───── Data extract ─────

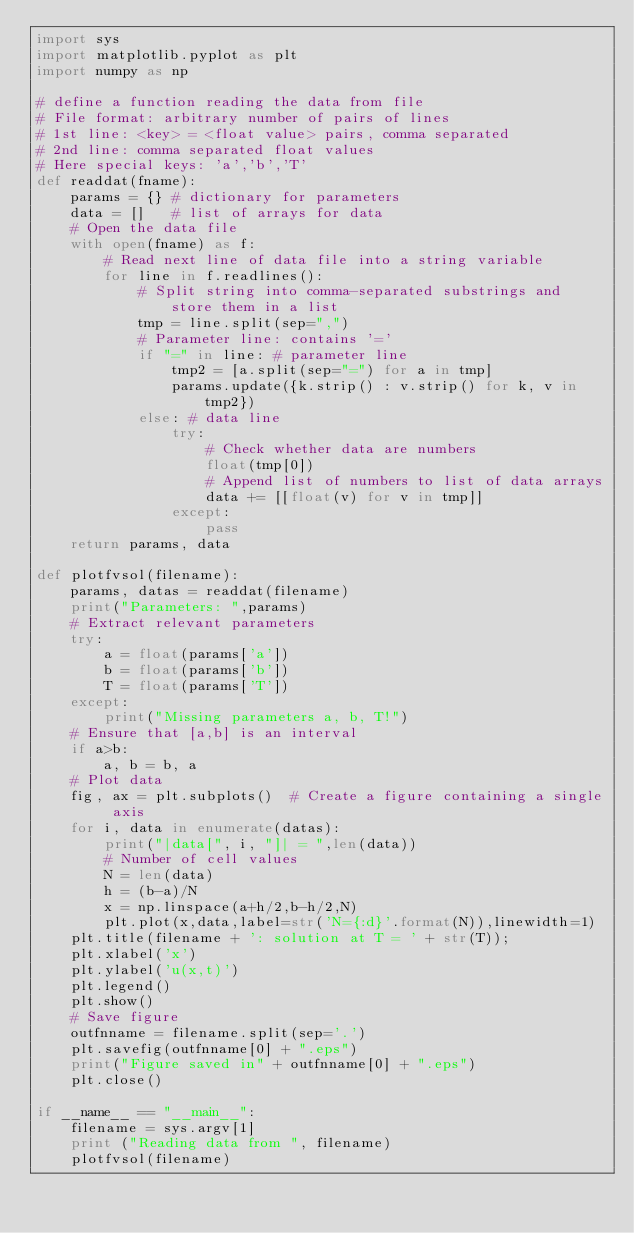Convert code to text. <code><loc_0><loc_0><loc_500><loc_500><_Python_>import sys
import matplotlib.pyplot as plt
import numpy as np

# define a function reading the data from file
# File format: arbitrary number of pairs of lines
# 1st line: <key> = <float value> pairs, comma separated
# 2nd line: comma separated float values
# Here special keys: 'a','b','T'
def readdat(fname):
    params = {} # dictionary for parameters 
    data = []   # list of arrays for data
    # Open the data file
    with open(fname) as f:
        # Read next line of data file into a string variable
        for line in f.readlines():
            # Split string into comma-separated substrings and store them in a list
            tmp = line.split(sep=",")
            # Parameter line: contains '='
            if "=" in line: # parameter line
                tmp2 = [a.split(sep="=") for a in tmp]
                params.update({k.strip() : v.strip() for k, v in tmp2})
            else: # data line
                try:
                    # Check whether data are numbers 
                    float(tmp[0])
                    # Append list of numbers to list of data arrays 
                    data += [[float(v) for v in tmp]]
                except:
                    pass
    return params, data

def plotfvsol(filename):
    params, datas = readdat(filename)
    print("Parameters: ",params)
    # Extract relevant parameters 
    try:
        a = float(params['a'])
        b = float(params['b'])
        T = float(params['T'])
    except:
        print("Missing parameters a, b, T!")
    # Ensure that [a,b] is an interval 
    if a>b:
        a, b = b, a
    # Plot data
    fig, ax = plt.subplots()  # Create a figure containing a single axis
    for i, data in enumerate(datas):
        print("|data[", i, "]| = ",len(data))
        # Number of cell values 
        N = len(data)
        h = (b-a)/N
        x = np.linspace(a+h/2,b-h/2,N)
        plt.plot(x,data,label=str('N={:d}'.format(N)),linewidth=1)
    plt.title(filename + ': solution at T = ' + str(T));    
    plt.xlabel('x')
    plt.ylabel('u(x,t)')
    plt.legend()
    plt.show()
    # Save figure
    outfnname = filename.split(sep='.')
    plt.savefig(outfnname[0] + ".eps")
    print("Figure saved in" + outfnname[0] + ".eps")
    plt.close()

if __name__ == "__main__":
    filename = sys.argv[1]
    print ("Reading data from ", filename)
    plotfvsol(filename)
        
</code>

─────

### Work task
Scan the records above, then copy out each line that mentions "list".

### Task output
    data = []   # list of arrays for data
            # Split string into comma-separated substrings and store them in a list
                    # Append list of numbers to list of data arrays 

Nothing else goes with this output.